Lawrence Sports is a manufacturing and distribution company of sporting goods. Currently, the company is facing several situations that offer opportunities as well as problems that need to be evaluated. First of all Lawrence Sports has a cash flow problem, whenever there is a deficit situation, money is borrowed from the bank to tide them over. Lawrence is basely robbing peter to pay Paul. If Lawrence continues to operate in this manner it will put a strain on their business partners or stakeholders. Lawrence made it through the week of March by borrowing from the bank and deferring payment to Gartner by one week. The outstanding loan and interest burden have also gone up; Lawrence needs a better plan to manage the cash flow. In this paper I will take a closer look at Lawrence's dilemma and determine a viable solution that will increase cash inflow so their will be out flow to pay debt and working capital to handle unforeseen circumstances.

Issue and Opportunity Identification

Lawrence Sport's principle customer, Mayo Stores, is having a difficult time paying for the products on time. The current payment arrangements are that Mayo will pay 20% on purchases and 80% the following week. Because Mayo is the principle customer at 95%, L.S. is placed into a situation where they in turn cannot pay its creditors on time. There is a plan B. Plan B is to have Central Bank do a daily loan for any amount to keep the account at $50,000. The problem with this is that L.S. has reached the maximum amount that can be borrowed, which is $1.2 million.

Having the Central Bank loan comes with its down falls. To pay off the loan Lawrence has to come up with $1.2 million and 16% interest to bring the total to $1,392,000. The reason for the bank borrowing is that L.S. only has one major source of income and it is not enough to meet the needs of the out flows of cash. Each week L.S. needs to have ending revenues of $400,000 to maintain the $20 million a year. Working capital management for L.S. is not an easy task. L.S. needs cash now and there are no ventures looked into at this point.

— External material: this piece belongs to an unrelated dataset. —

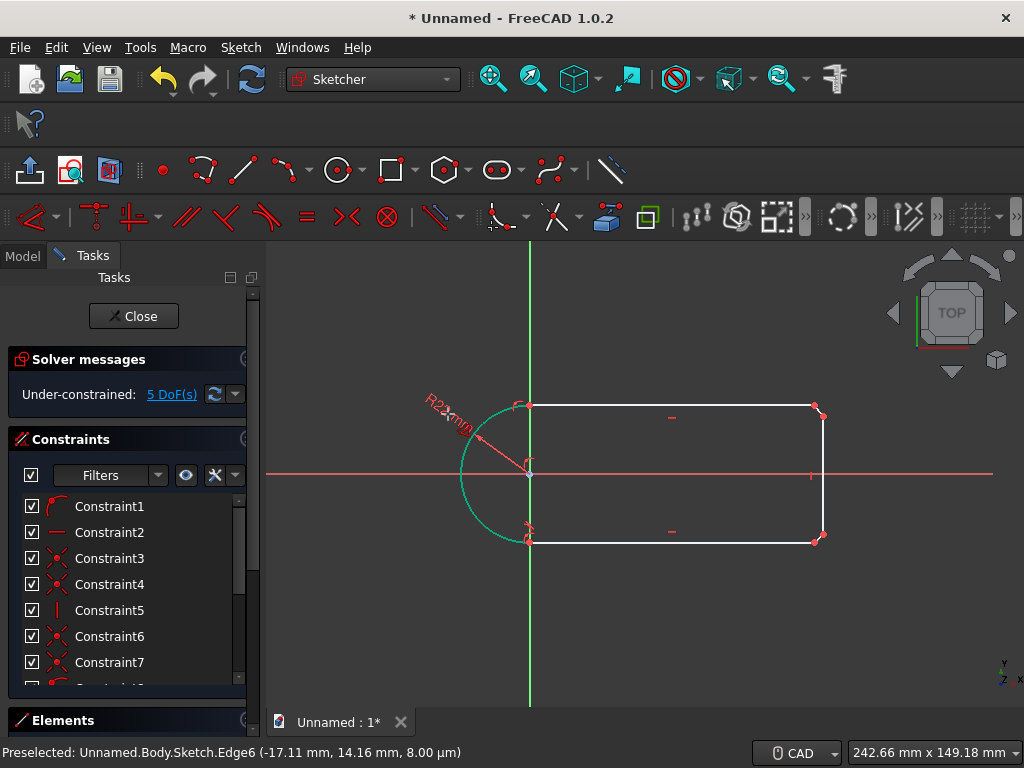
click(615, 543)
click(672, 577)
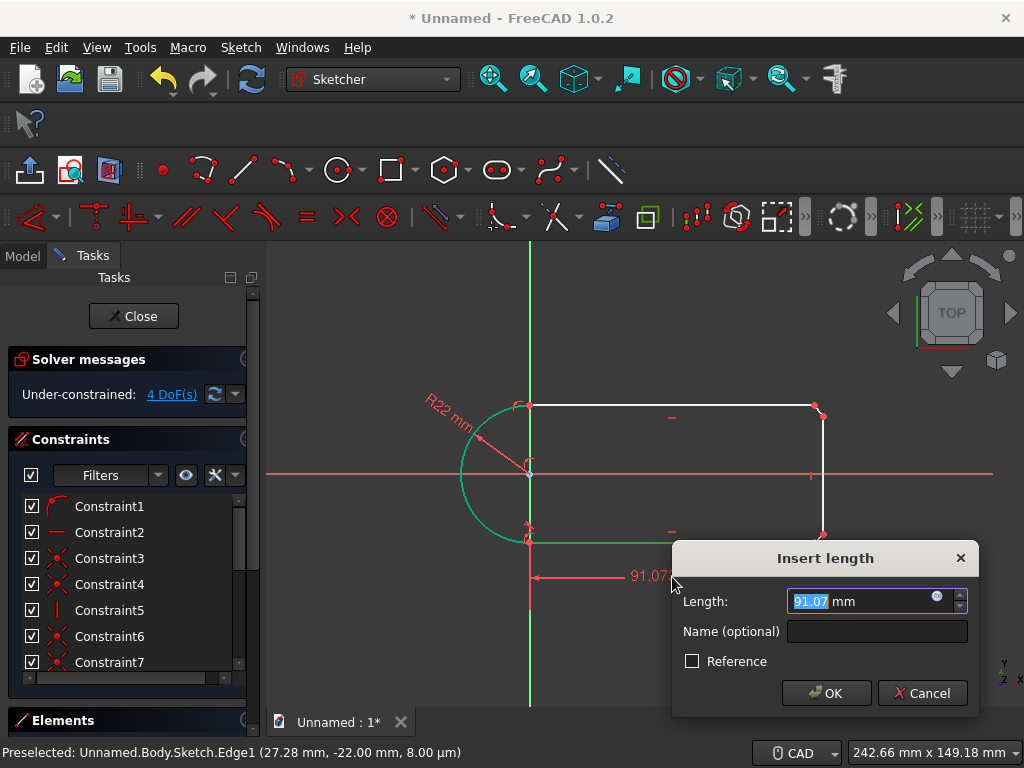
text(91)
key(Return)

There are many issues that need to be address; and there are opportunities that can come from making some solution in an organization. Lawrence has the opportunity to increase revenues with other purchasers. L.S. can look at its current state and see that there are opportunities that need to be realized in making the minor changes in the way cash management is operated. Now would be an appropriate time to explore increasing the customer base of the company. In addition to the above, Lawrence could also look into alternate sources of funding for the company; which in turn will help to eliminate the dependence on the bank loans. Lawrence has the opportunity to expand the business and have more positive working capital.

Stakeholder Perspectives/Ethical Dilemmas

There are many stakeholders in the scenario, but the three main stakeholders are Mayo, Gartner, and Murray.

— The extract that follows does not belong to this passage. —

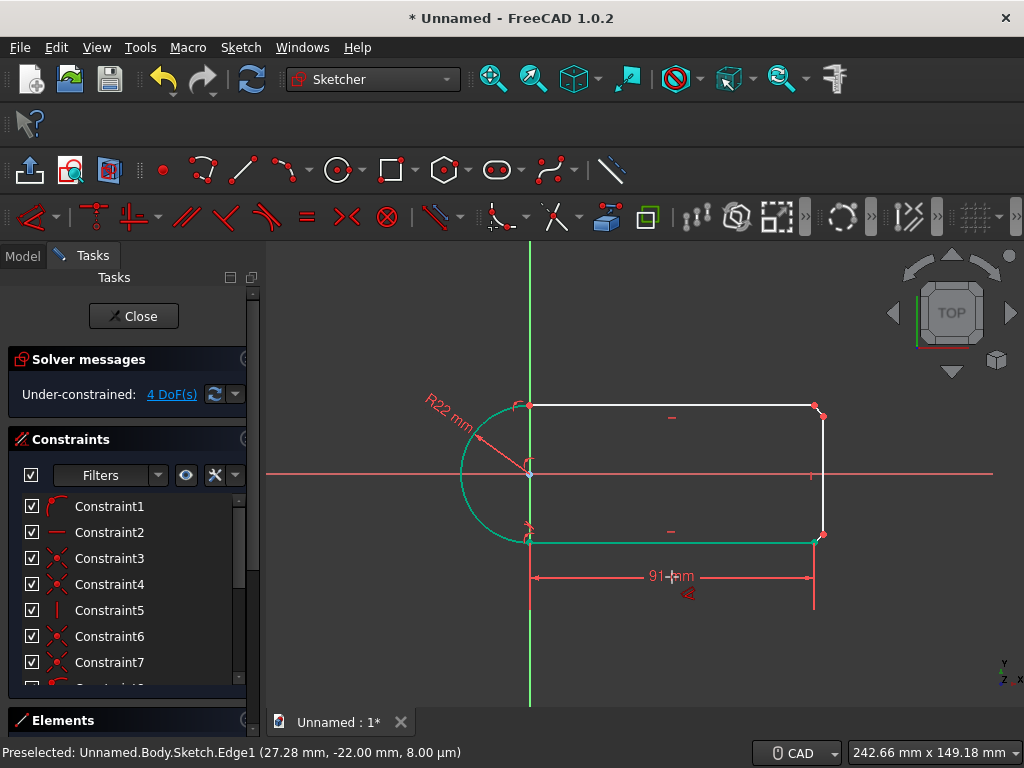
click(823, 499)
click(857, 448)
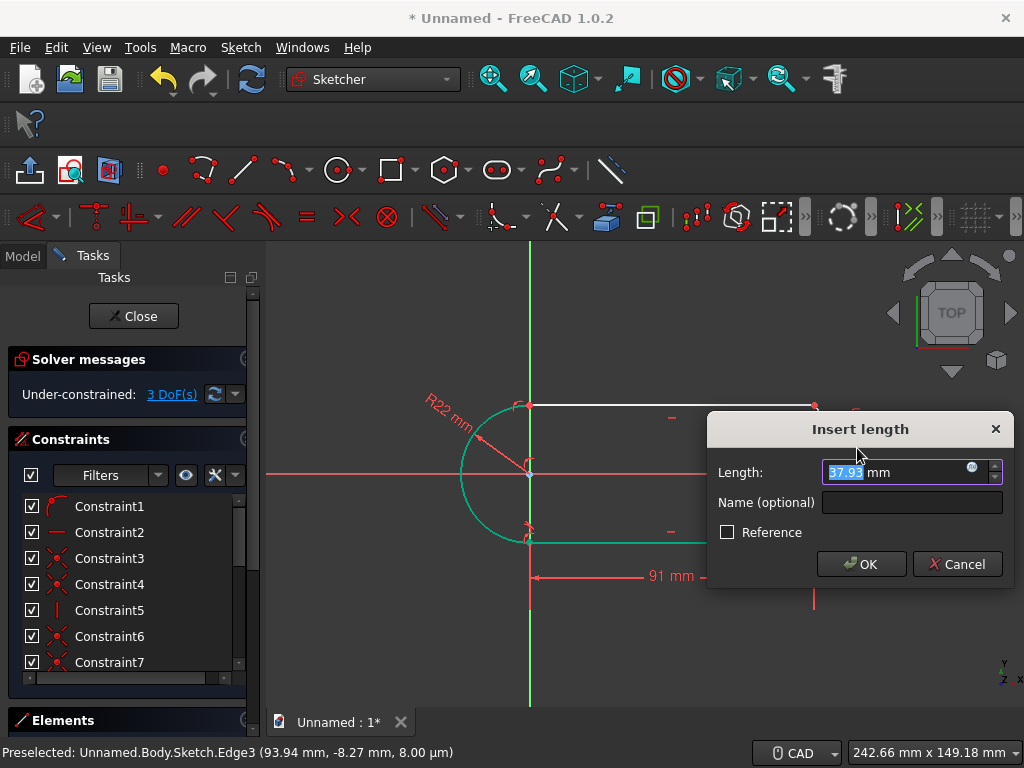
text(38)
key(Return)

Mayo Stores look at this scenario as an opportunity for positive change. The management is one of the supporters to change the repayment terms to better fit the expansion of the company. The dilemma comes in when deciding whether to hold the payment to use it in other areas or pay Lawrence for the products purchased. Gartner views the situation as a small setback for Lawrence. Gartner wants to be paid on time every time. Finally, Murray is taking the same stance as Gartner, on time- every time. The customers have to look how their money is being used to benefit themselves. At the current state the customer is being cheated out of smarter more efficient services and products. The stakeholders invested in Lawrence have some serious ethical dilemmas to examine. For example, is it ethical to withhold payment from a client to use it in other areas; and is it ethical to not pay at all because they are not able to do bad investments or money management?

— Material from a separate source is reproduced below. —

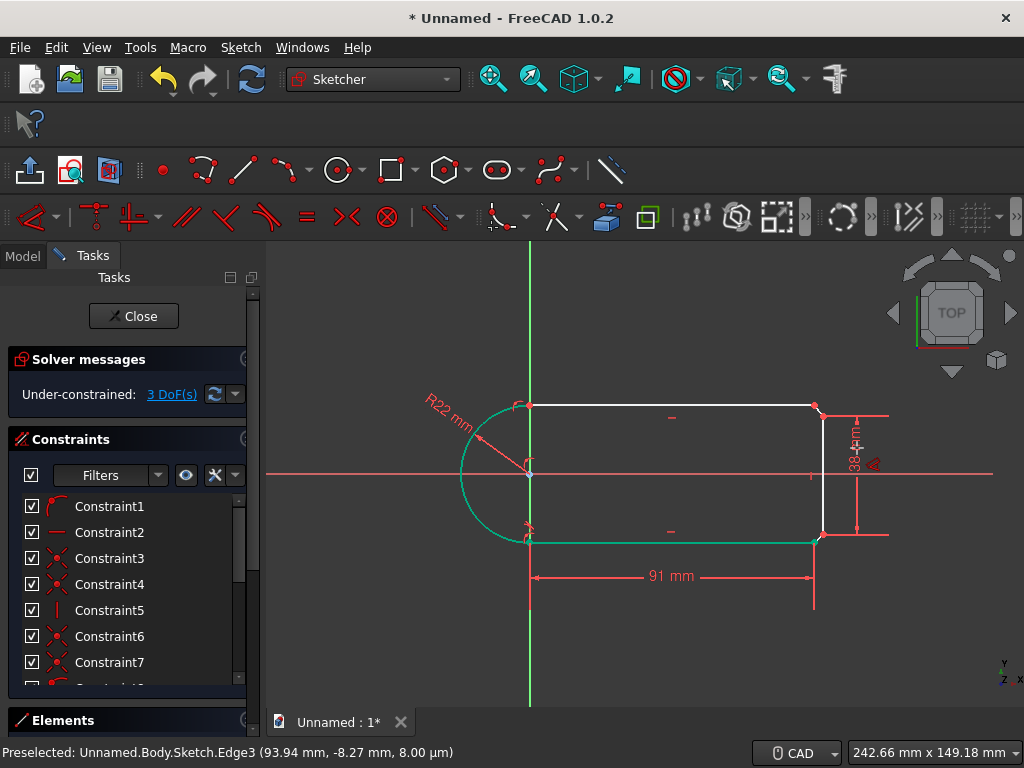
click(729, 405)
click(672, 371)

Ethics and business go together companies should try to strive for ethical excellences. All companies should operate with a moral standard; this should be a selling point. Lawrence obligation should be to the companies' owners and stockholders. The company should stay within the law and certain moral limits but outside that Lawrence should think of how to maximize profits for its stakeholders and owners. From this point of view, improving cash flow by delaying payment to its vendor would not be immoral, never paying the company would.

Problem Statement

Lawrence Sports can find a way to make some significant changes in the manor that business is conducted and financed in order to sustain a viable position in the industry. Many of the critical decisions that business owners and senior management face can be categorized as investment opportunities. Managers and owners are frequently making decisions that shape their business's future. "All business decisions requires some form of finance, in view of that fact the method of finance that is used by a particular firm defines their cost of capital which in turn affects the amount of investment they are able to make, it is obvious that the investment and finance decisions of the firm are inevitably linked" (Brewster, 1999. p. 238).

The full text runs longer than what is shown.